INEVITABLE UNDER THE PRESENT STATE OF SOCIETY.

However, out from the thorns of your grievous condition, pluck here and now the rose of understanding—learn your position in the body politic ; consciously affiliate yourself to the class to which you belong, the working class.

Karl Kautsky (“The Working Class,” price 1d., translated and published by the Socialist Party) says : “Another category of proletarians begins to develop—the educated proletariat.

EDUCATION BECOMES A COMMODITY.

Until several decades ago it was a rare commodity. . . . Since then, the spread of education has made gigantic strides. . . . Female labour increases. . . . The labour-market of the educated workers is to-day as over-crowded as that of the manual workers. . . . The intellectual workers have already their reserve army.” (Read the whole thing, my young friends. It is almost a literary crime to “boil down” in the way I have attempted.)

I pray you note the phrase “labour-market,” clearly grasp the meaning of “commodity” and the dire significance of the words will save you the humiliation of “appealing” to representatives of the class (the master class) whose endeavour it must necessarily be to aid in the creation of a Reserve Army, as it will shake your all too-simple faith in “leaders” of the National Union of Teachers.

The “labour-market” ! What have you to sell on that market ?

YOUR LABOUR-POWER.

“The aggregate of those mental and physical capabilities existing in a human being which he exercises whenever he produces a use-value of any description.” (“Capital,” p. 145.) And you, in common with the domestic servant, the “student-salesman,” the policeman, and the waitress, with whom you are being asked to compete, have nothing to sell but that same labour-power—unless you enter the army of small, very small, traders (“hawkers” is the brutal word used to describe the followers of the occupation, which I am told on good authority is a road some of you have been compelled to take). You have invited Rosebery to your meeting. “I should try to conduct the Staye as I would

MY PRIVATE BUSINESS.”

Thus Rosebery at Glasgow in 1909. The very essence of the conducting of “private business” is the buying of labour-power at the cheapest price ; the very existence of “my private business” is wrapped up in the preservation of a “Reserve Army” of unemployed.

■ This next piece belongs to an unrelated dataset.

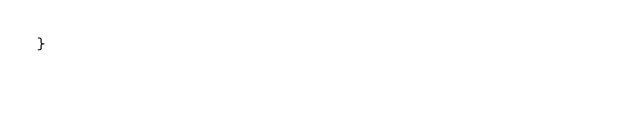<code> <loc_0><loc_0><loc_500><loc_500><_Kotlin_>}
</code> 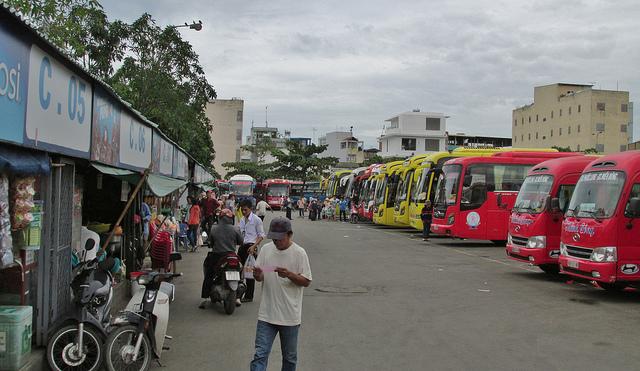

Your secretary seems to be surprised at the fact that the President of the Board of Education has lied, in asserting that he was “not aware they are experiencing unusual difficulties in obtaining appointments ; in fact, such evidence as the Board possesses in dictates that the demand exceeds the supply.” Why this surprise ? Is it because you are disappointed in view of the handsome testimonial given to Runciman by Marshall Jackman (Conference 1910) ? “His name will be honoured by future generations. I pay my warmest tribute to him.”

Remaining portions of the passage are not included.